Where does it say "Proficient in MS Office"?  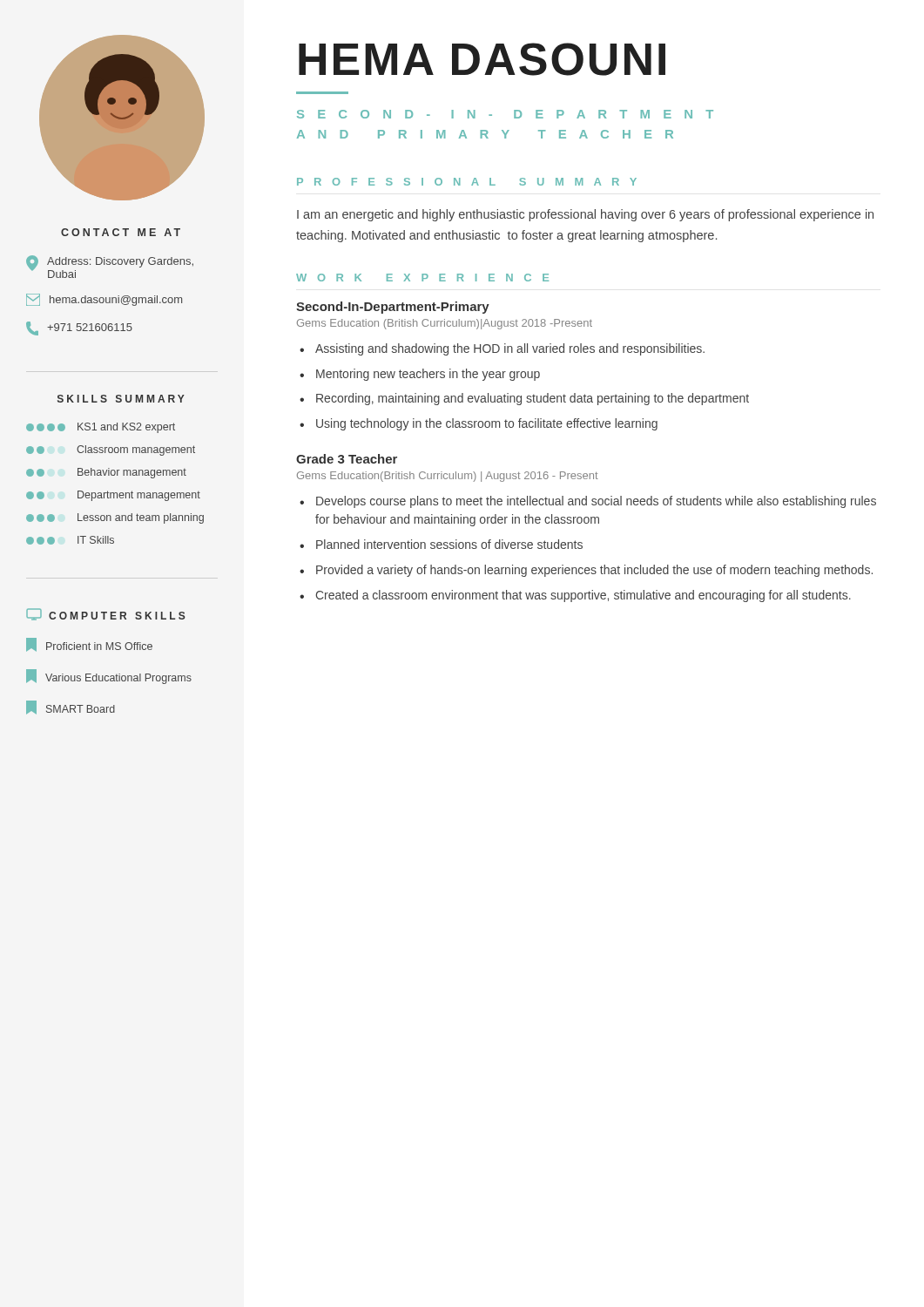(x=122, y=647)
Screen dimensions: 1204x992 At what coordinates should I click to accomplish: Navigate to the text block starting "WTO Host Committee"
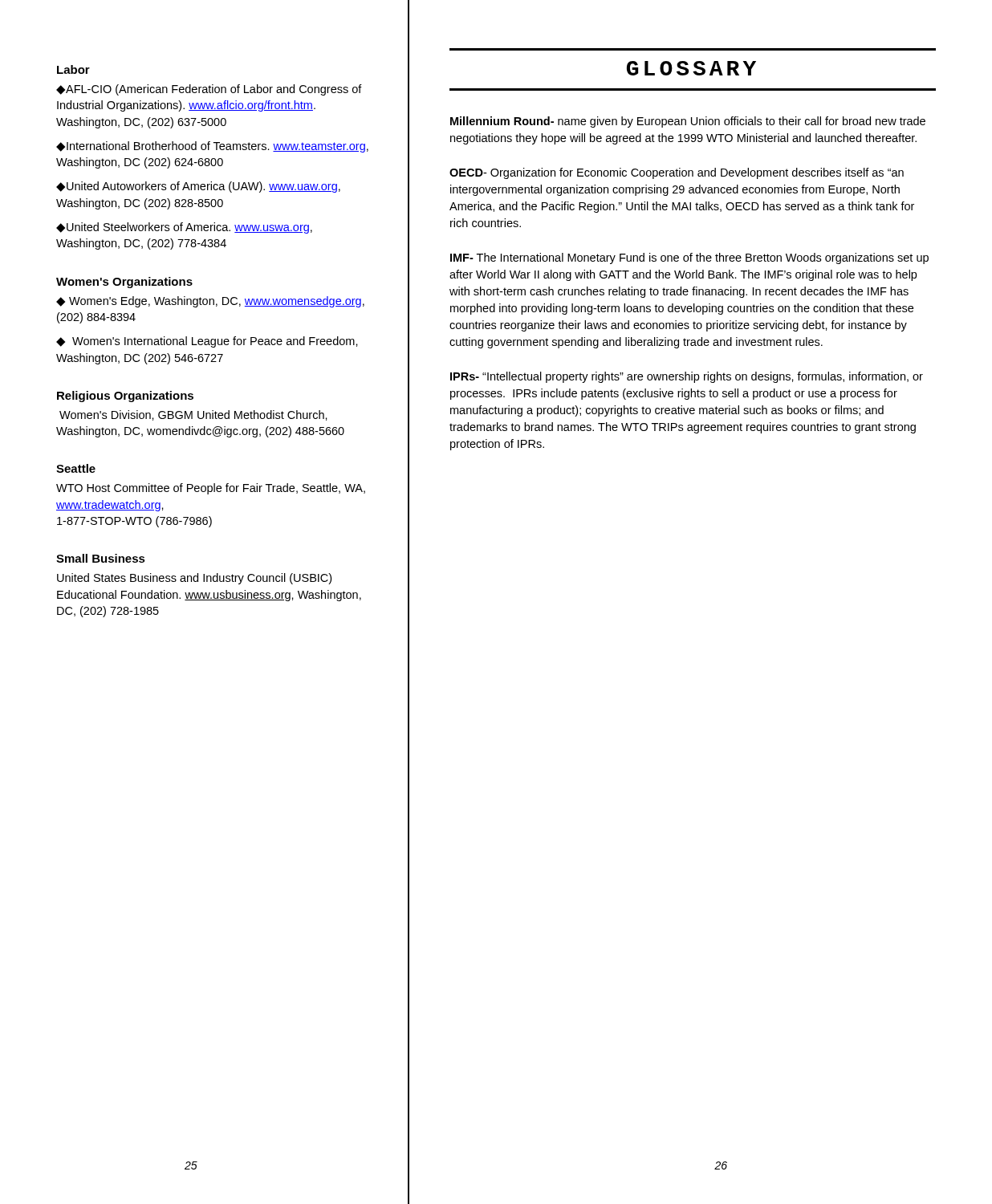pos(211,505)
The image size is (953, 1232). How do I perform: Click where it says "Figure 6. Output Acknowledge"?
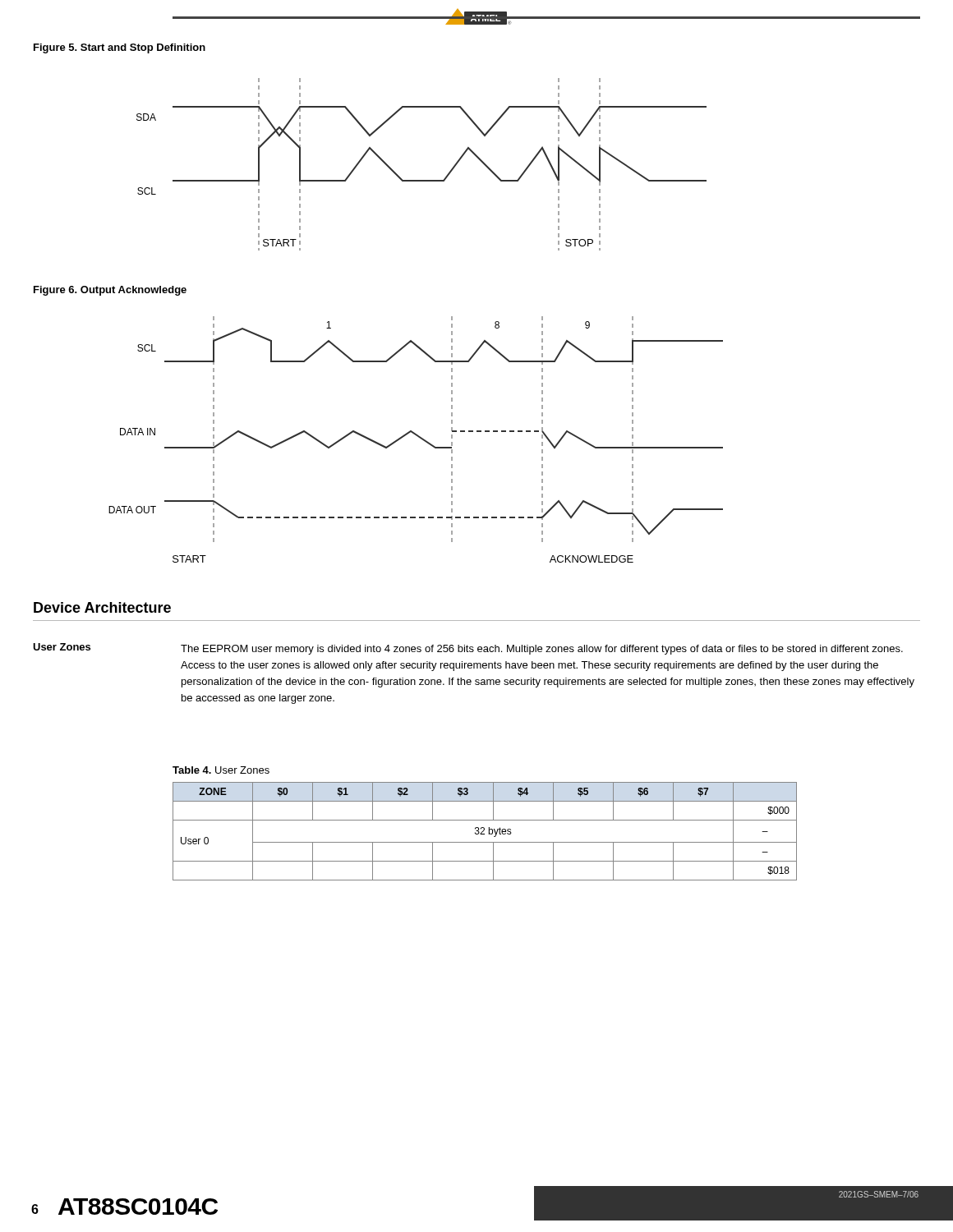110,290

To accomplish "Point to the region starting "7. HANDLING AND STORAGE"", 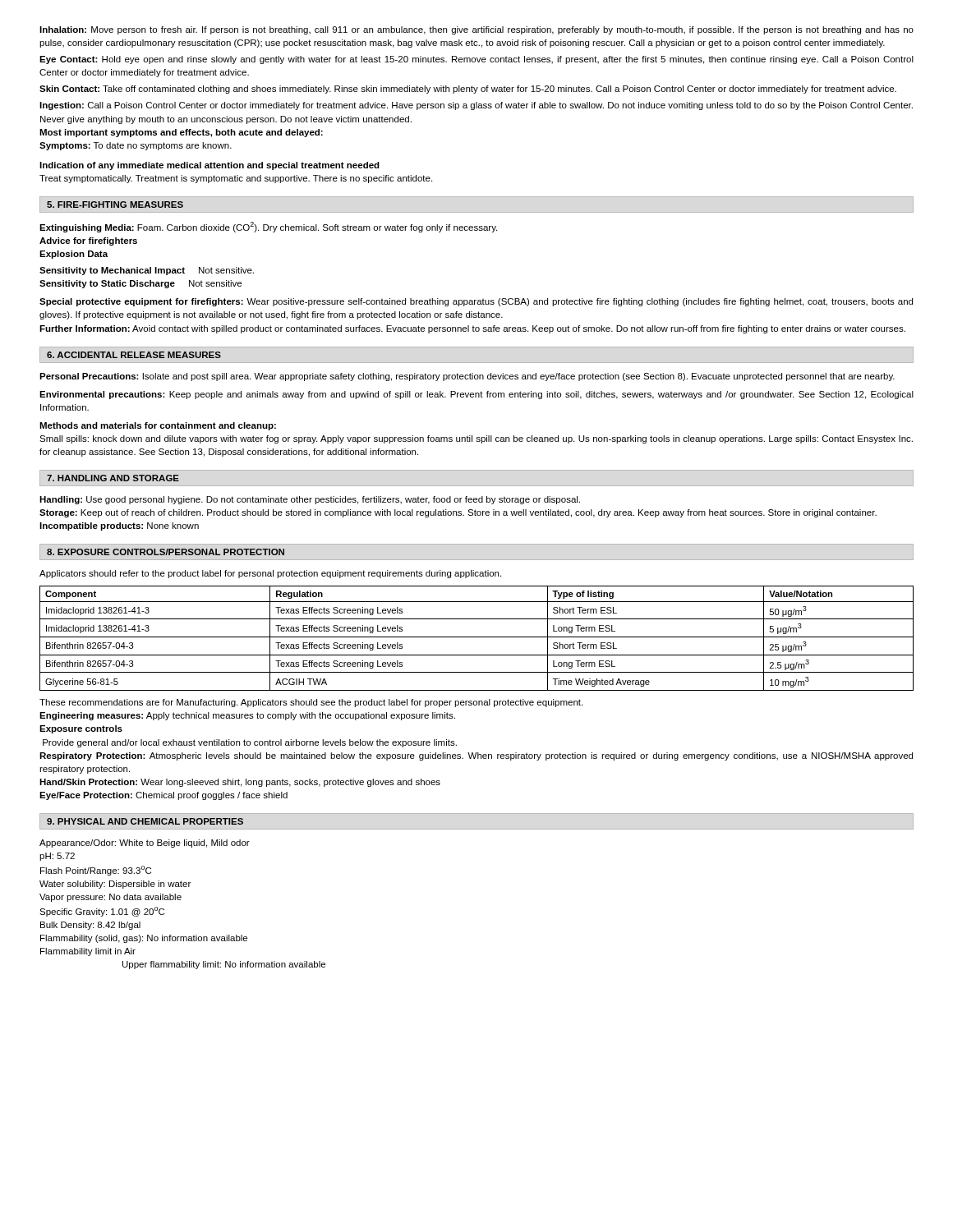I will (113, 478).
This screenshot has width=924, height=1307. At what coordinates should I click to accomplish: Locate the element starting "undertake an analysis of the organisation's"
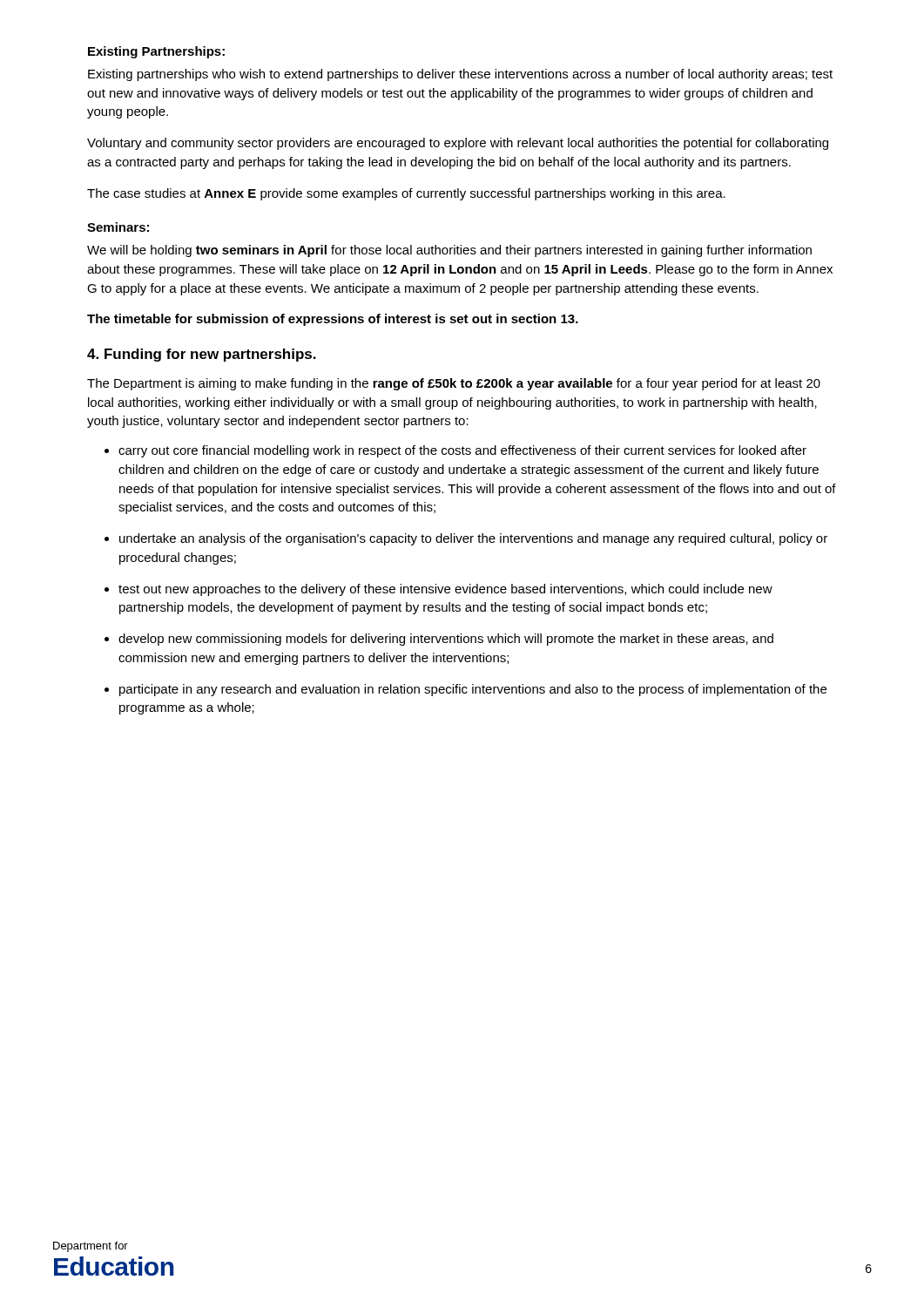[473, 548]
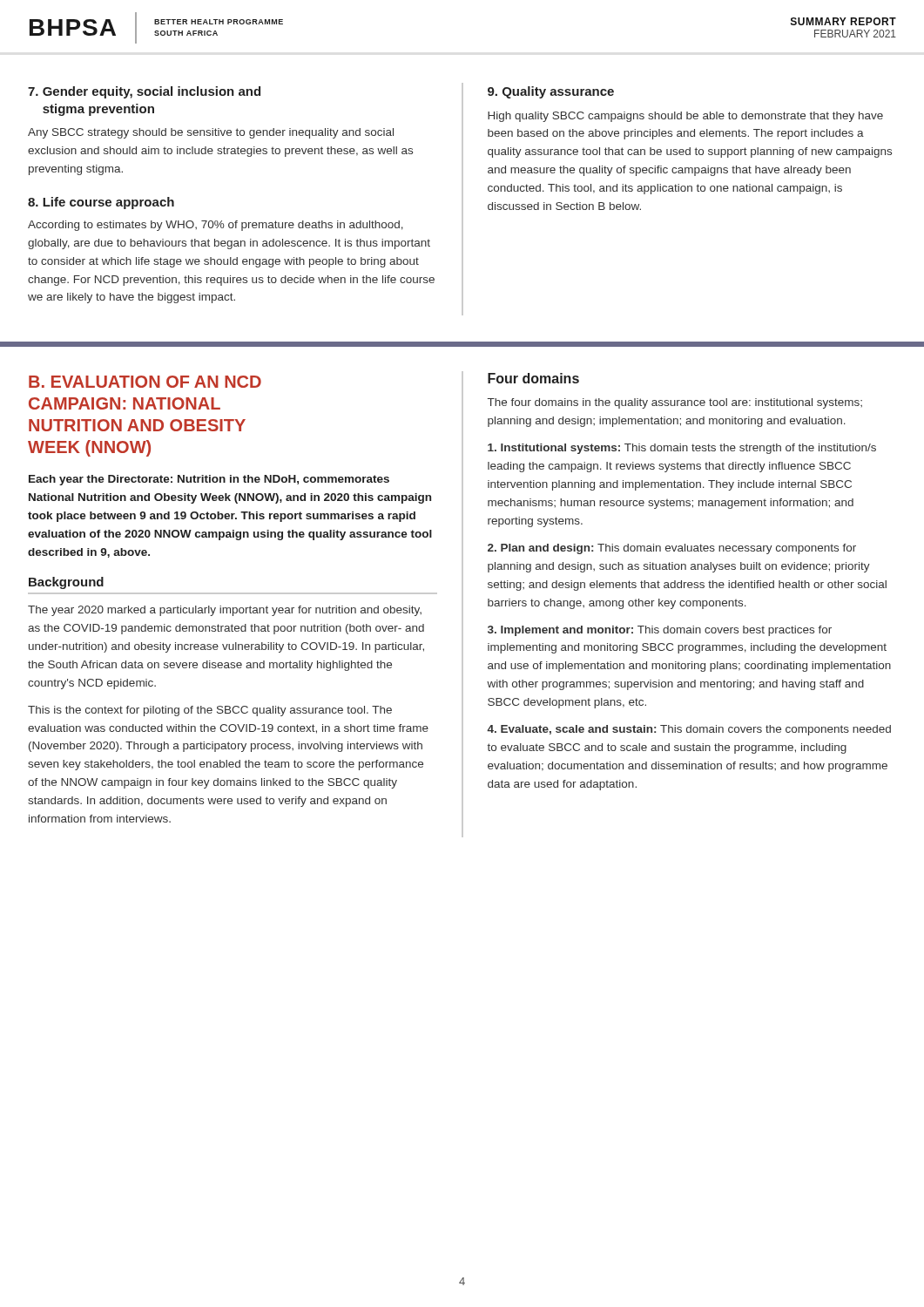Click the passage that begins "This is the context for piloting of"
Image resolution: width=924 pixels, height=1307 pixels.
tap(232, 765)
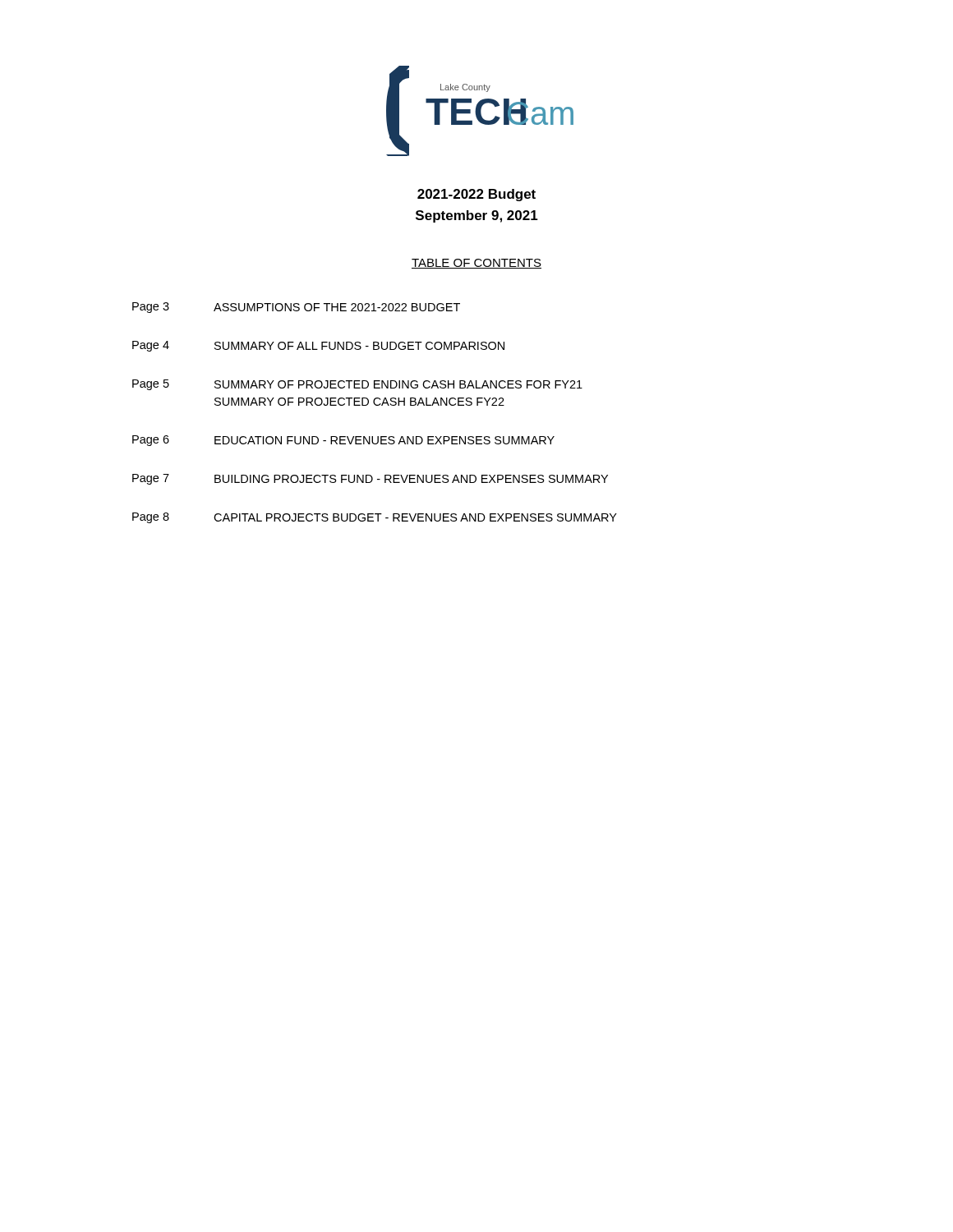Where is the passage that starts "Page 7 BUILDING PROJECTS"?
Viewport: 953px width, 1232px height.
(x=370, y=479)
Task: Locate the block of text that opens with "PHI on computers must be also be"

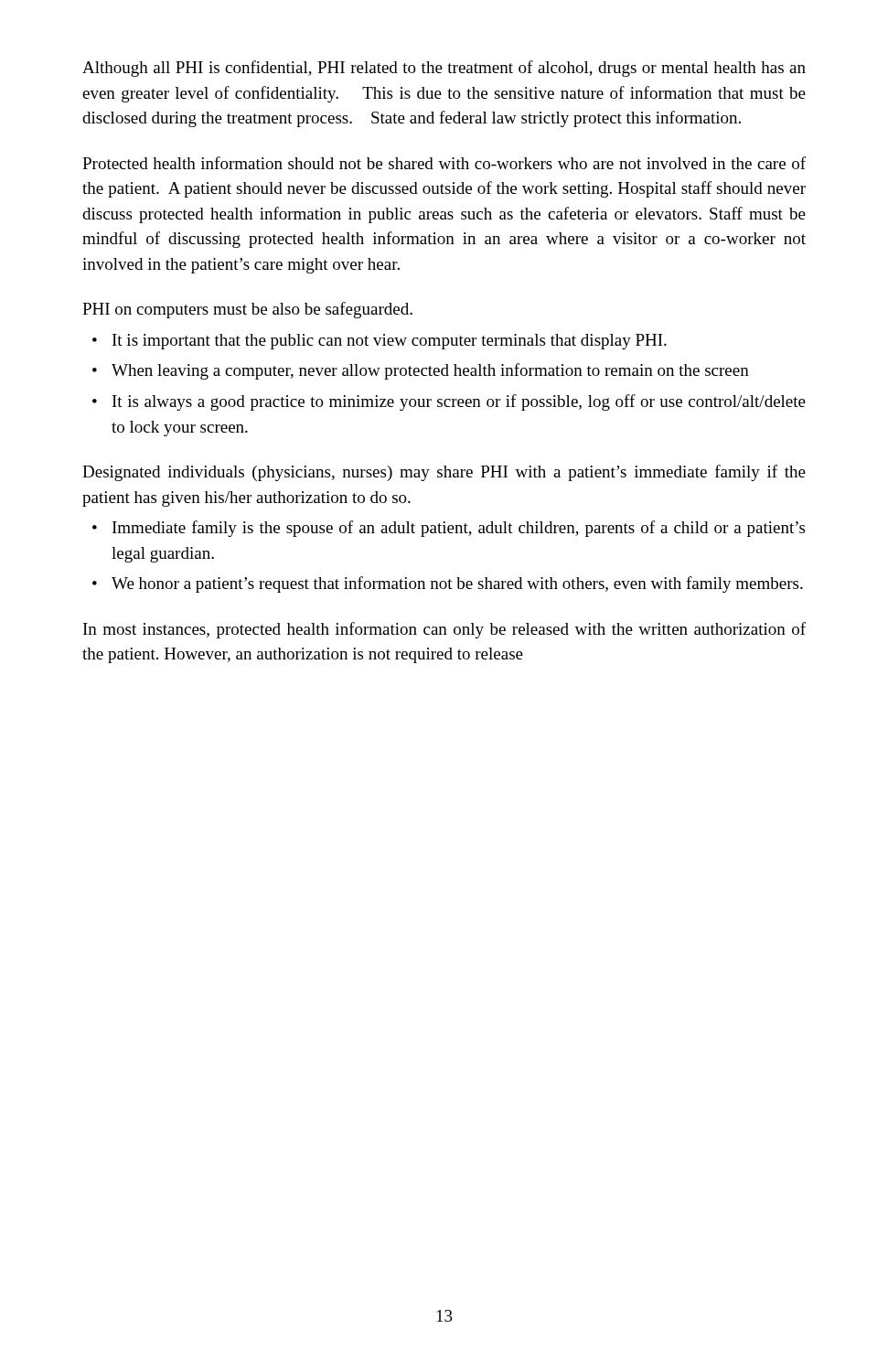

####################

Beginning at the line that holds "This screenshot has" and ending with the last line of the entries, please set down each line exactly, leaving every picture out.

This screenshot has width=924, height=1307. At what coordinates should I click to accomplish: Locate the element starting "undertake an analysis of the organisation's"
[473, 548]
Click the passage that begins "This is the context for piloting of"
Image resolution: width=924 pixels, height=1307 pixels.
tap(232, 765)
Where is the passage that starts "Page 7 BUILDING PROJECTS"?
Viewport: 953px width, 1232px height.
(x=370, y=479)
Task: Locate the block of text that opens with "PHI on computers must be also be"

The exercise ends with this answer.